Very interesting concept. You'd have to do a done of shares though and think of all the wiggles you would have to endure-and the resultant heat from the huge positions- waiting for all those shares to fill passively.
 
It was a great team atmosphere and a lot of us were trading the same stocks so it was helpful to know when guys were having there bids or offers hit and when guys who were trading other stocks were sharing info on what was happening with their stocks--MACD addy


Now this sounds to me like the pre-decimal era. Where are all these guys now? Still there, but are they making money day in and day out trading solely on the L2. Are they still screaming out or is it more like crying out loud. Why are you remote now since you stated you loved that team atmosphere?
 
Originally posted by limitdown

Personally, finding before a move, those <1mil share trading stocks is vastly easier, after they've made a move, and show up on the Gainers/Losers listing, than before they show up. Using stock screening software based on a pattern produces so many candidates, that its still like shooting fish in a barrel.

The great part is, even after these stocks show up on the gainers/losers list, they usually still have the momentum to continue on the trend, and if not, they usually have a strong counter-trend move. Rarely, if ever, do these illiquid stocks happen to show up on the gainers/losers and *not* do a single thing.

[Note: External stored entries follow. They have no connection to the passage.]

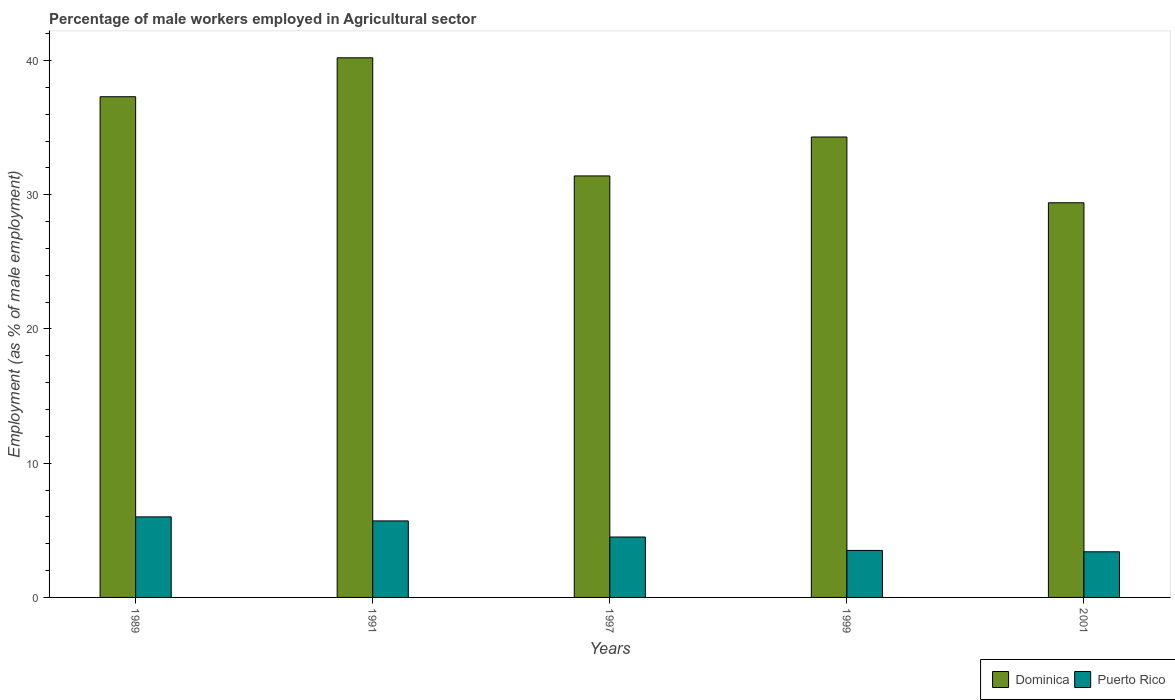How many groups of bars are there?
Provide a succinct answer. 5. Are the number of bars per tick equal to the number of legend labels?
Provide a succinct answer. Yes. What is the label of the 1st group of bars from the left?
Your response must be concise. 1989. What is the percentage of male workers employed in Agricultural sector in Puerto Rico in 2001?
Offer a very short reply. 3.4. Across all years, what is the maximum percentage of male workers employed in Agricultural sector in Dominica?
Ensure brevity in your answer.  40.2. Across all years, what is the minimum percentage of male workers employed in Agricultural sector in Puerto Rico?
Offer a terse response. 3.4. What is the total percentage of male workers employed in Agricultural sector in Dominica in the graph?
Offer a terse response. 172.6. What is the difference between the percentage of male workers employed in Agricultural sector in Dominica in 1989 and that in 2001?
Make the answer very short. 7.9. What is the difference between the percentage of male workers employed in Agricultural sector in Puerto Rico in 1997 and the percentage of male workers employed in Agricultural sector in Dominica in 1989?
Offer a terse response. -32.8. What is the average percentage of male workers employed in Agricultural sector in Puerto Rico per year?
Your answer should be very brief. 4.62. In the year 1991, what is the difference between the percentage of male workers employed in Agricultural sector in Dominica and percentage of male workers employed in Agricultural sector in Puerto Rico?
Provide a succinct answer. 34.5. What is the ratio of the percentage of male workers employed in Agricultural sector in Puerto Rico in 1989 to that in 1997?
Make the answer very short. 1.33. Is the percentage of male workers employed in Agricultural sector in Puerto Rico in 1989 less than that in 1991?
Make the answer very short. No. What is the difference between the highest and the second highest percentage of male workers employed in Agricultural sector in Puerto Rico?
Keep it short and to the point. 0.3. What is the difference between the highest and the lowest percentage of male workers employed in Agricultural sector in Dominica?
Provide a succinct answer. 10.8. Is the sum of the percentage of male workers employed in Agricultural sector in Dominica in 1997 and 1999 greater than the maximum percentage of male workers employed in Agricultural sector in Puerto Rico across all years?
Provide a short and direct response. Yes. What does the 1st bar from the left in 1989 represents?
Your answer should be very brief. Dominica. What does the 1st bar from the right in 1991 represents?
Your answer should be compact. Puerto Rico. Are the values on the major ticks of Y-axis written in scientific E-notation?
Give a very brief answer. No. Where does the legend appear in the graph?
Give a very brief answer. Bottom right. How many legend labels are there?
Your response must be concise. 2. What is the title of the graph?
Ensure brevity in your answer.  Percentage of male workers employed in Agricultural sector. Does "Venezuela" appear as one of the legend labels in the graph?
Provide a short and direct response. No. What is the label or title of the X-axis?
Your answer should be compact. Years. What is the label or title of the Y-axis?
Your answer should be compact. Employment (as % of male employment). What is the Employment (as % of male employment) of Dominica in 1989?
Provide a short and direct response. 37.3. What is the Employment (as % of male employment) in Dominica in 1991?
Ensure brevity in your answer.  40.2. What is the Employment (as % of male employment) in Puerto Rico in 1991?
Your response must be concise. 5.7. What is the Employment (as % of male employment) of Dominica in 1997?
Give a very brief answer. 31.4. What is the Employment (as % of male employment) in Dominica in 1999?
Ensure brevity in your answer.  34.3. What is the Employment (as % of male employment) in Puerto Rico in 1999?
Your answer should be very brief. 3.5. What is the Employment (as % of male employment) in Dominica in 2001?
Your response must be concise. 29.4. What is the Employment (as % of male employment) in Puerto Rico in 2001?
Provide a short and direct response. 3.4. Across all years, what is the maximum Employment (as % of male employment) in Dominica?
Provide a short and direct response. 40.2. Across all years, what is the minimum Employment (as % of male employment) in Dominica?
Offer a terse response. 29.4. Across all years, what is the minimum Employment (as % of male employment) in Puerto Rico?
Your answer should be very brief. 3.4. What is the total Employment (as % of male employment) in Dominica in the graph?
Offer a terse response. 172.6. What is the total Employment (as % of male employment) in Puerto Rico in the graph?
Make the answer very short. 23.1. What is the difference between the Employment (as % of male employment) of Dominica in 1989 and that in 1991?
Provide a succinct answer. -2.9. What is the difference between the Employment (as % of male employment) in Dominica in 1989 and that in 1997?
Your response must be concise. 5.9. What is the difference between the Employment (as % of male employment) in Dominica in 1989 and that in 1999?
Ensure brevity in your answer.  3. What is the difference between the Employment (as % of male employment) in Dominica in 1989 and that in 2001?
Offer a very short reply. 7.9. What is the difference between the Employment (as % of male employment) in Puerto Rico in 1991 and that in 2001?
Give a very brief answer. 2.3. What is the difference between the Employment (as % of male employment) in Dominica in 1997 and that in 1999?
Ensure brevity in your answer.  -2.9. What is the difference between the Employment (as % of male employment) in Dominica in 1997 and that in 2001?
Keep it short and to the point. 2. What is the difference between the Employment (as % of male employment) in Puerto Rico in 1999 and that in 2001?
Keep it short and to the point. 0.1. What is the difference between the Employment (as % of male employment) of Dominica in 1989 and the Employment (as % of male employment) of Puerto Rico in 1991?
Offer a terse response. 31.6. What is the difference between the Employment (as % of male employment) of Dominica in 1989 and the Employment (as % of male employment) of Puerto Rico in 1997?
Your response must be concise. 32.8. What is the difference between the Employment (as % of male employment) in Dominica in 1989 and the Employment (as % of male employment) in Puerto Rico in 1999?
Provide a succinct answer. 33.8. What is the difference between the Employment (as % of male employment) of Dominica in 1989 and the Employment (as % of male employment) of Puerto Rico in 2001?
Your answer should be very brief. 33.9. What is the difference between the Employment (as % of male employment) in Dominica in 1991 and the Employment (as % of male employment) in Puerto Rico in 1997?
Your response must be concise. 35.7. What is the difference between the Employment (as % of male employment) of Dominica in 1991 and the Employment (as % of male employment) of Puerto Rico in 1999?
Make the answer very short. 36.7. What is the difference between the Employment (as % of male employment) in Dominica in 1991 and the Employment (as % of male employment) in Puerto Rico in 2001?
Your response must be concise. 36.8. What is the difference between the Employment (as % of male employment) of Dominica in 1997 and the Employment (as % of male employment) of Puerto Rico in 1999?
Offer a terse response. 27.9. What is the difference between the Employment (as % of male employment) of Dominica in 1999 and the Employment (as % of male employment) of Puerto Rico in 2001?
Give a very brief answer. 30.9. What is the average Employment (as % of male employment) of Dominica per year?
Ensure brevity in your answer.  34.52. What is the average Employment (as % of male employment) in Puerto Rico per year?
Provide a short and direct response. 4.62. In the year 1989, what is the difference between the Employment (as % of male employment) in Dominica and Employment (as % of male employment) in Puerto Rico?
Offer a terse response. 31.3. In the year 1991, what is the difference between the Employment (as % of male employment) in Dominica and Employment (as % of male employment) in Puerto Rico?
Your answer should be very brief. 34.5. In the year 1997, what is the difference between the Employment (as % of male employment) in Dominica and Employment (as % of male employment) in Puerto Rico?
Provide a short and direct response. 26.9. In the year 1999, what is the difference between the Employment (as % of male employment) in Dominica and Employment (as % of male employment) in Puerto Rico?
Give a very brief answer. 30.8. What is the ratio of the Employment (as % of male employment) of Dominica in 1989 to that in 1991?
Your answer should be compact. 0.93. What is the ratio of the Employment (as % of male employment) in Puerto Rico in 1989 to that in 1991?
Offer a terse response. 1.05. What is the ratio of the Employment (as % of male employment) of Dominica in 1989 to that in 1997?
Provide a short and direct response. 1.19. What is the ratio of the Employment (as % of male employment) of Dominica in 1989 to that in 1999?
Ensure brevity in your answer.  1.09. What is the ratio of the Employment (as % of male employment) in Puerto Rico in 1989 to that in 1999?
Give a very brief answer. 1.71. What is the ratio of the Employment (as % of male employment) in Dominica in 1989 to that in 2001?
Offer a terse response. 1.27. What is the ratio of the Employment (as % of male employment) in Puerto Rico in 1989 to that in 2001?
Ensure brevity in your answer.  1.76. What is the ratio of the Employment (as % of male employment) of Dominica in 1991 to that in 1997?
Offer a very short reply. 1.28. What is the ratio of the Employment (as % of male employment) of Puerto Rico in 1991 to that in 1997?
Your answer should be compact. 1.27. What is the ratio of the Employment (as % of male employment) of Dominica in 1991 to that in 1999?
Offer a terse response. 1.17. What is the ratio of the Employment (as % of male employment) in Puerto Rico in 1991 to that in 1999?
Provide a succinct answer. 1.63. What is the ratio of the Employment (as % of male employment) in Dominica in 1991 to that in 2001?
Your answer should be compact. 1.37. What is the ratio of the Employment (as % of male employment) of Puerto Rico in 1991 to that in 2001?
Offer a terse response. 1.68. What is the ratio of the Employment (as % of male employment) in Dominica in 1997 to that in 1999?
Your answer should be compact. 0.92. What is the ratio of the Employment (as % of male employment) in Dominica in 1997 to that in 2001?
Make the answer very short. 1.07. What is the ratio of the Employment (as % of male employment) of Puerto Rico in 1997 to that in 2001?
Provide a succinct answer. 1.32. What is the ratio of the Employment (as % of male employment) of Puerto Rico in 1999 to that in 2001?
Provide a short and direct response. 1.03. What is the difference between the highest and the lowest Employment (as % of male employment) in Dominica?
Provide a short and direct response. 10.8.

What I've seen others do is get a harmonic on a stock or a sector (Jay Yu of www.undergroundtraders.com), I believe, suggests that basket/sector trading is good. Perhaps that will help.

I think I mentioned this before, but I would like to trade a basket of stocks... but since I rely *solely* on L2 without any form of charting, it's hard to just jump into a basket of stocks. It's tough enough trying to concentrate on reading just one stock based on L2 much less a basket of stocks. I think I'm going to need to integrate intraday candlestick charts into my trading. Certainly, when SuperMontage gets rolled out, L2 trading will become even more difficult, if not impossible. Charts will be a practical necessity then.

In these markets, with thinning volume, minimal public/retail confidence/participation, every trick in the book is going thin, so perhaps what we're seeing is/are market noise coupled with a draught of fundamental news. Earnings season is upon us, and coming out the backside of the recession, it appears that these thin companies (in reference to skeleton staff levels) should all be making/exceeding their lowered whisper numbers. Some other market guru was proferring that Tech is passe' and should not/would not recover its luster, and that most of those "change the way we live stocks" won't recover but do an Enron nosedive. Who's to really say?

I personally don't think the tech stocks will be "easier" to trade anytime soon. That's why I'm trying to adapt to the way the market is "now" and looking for better ways to trade.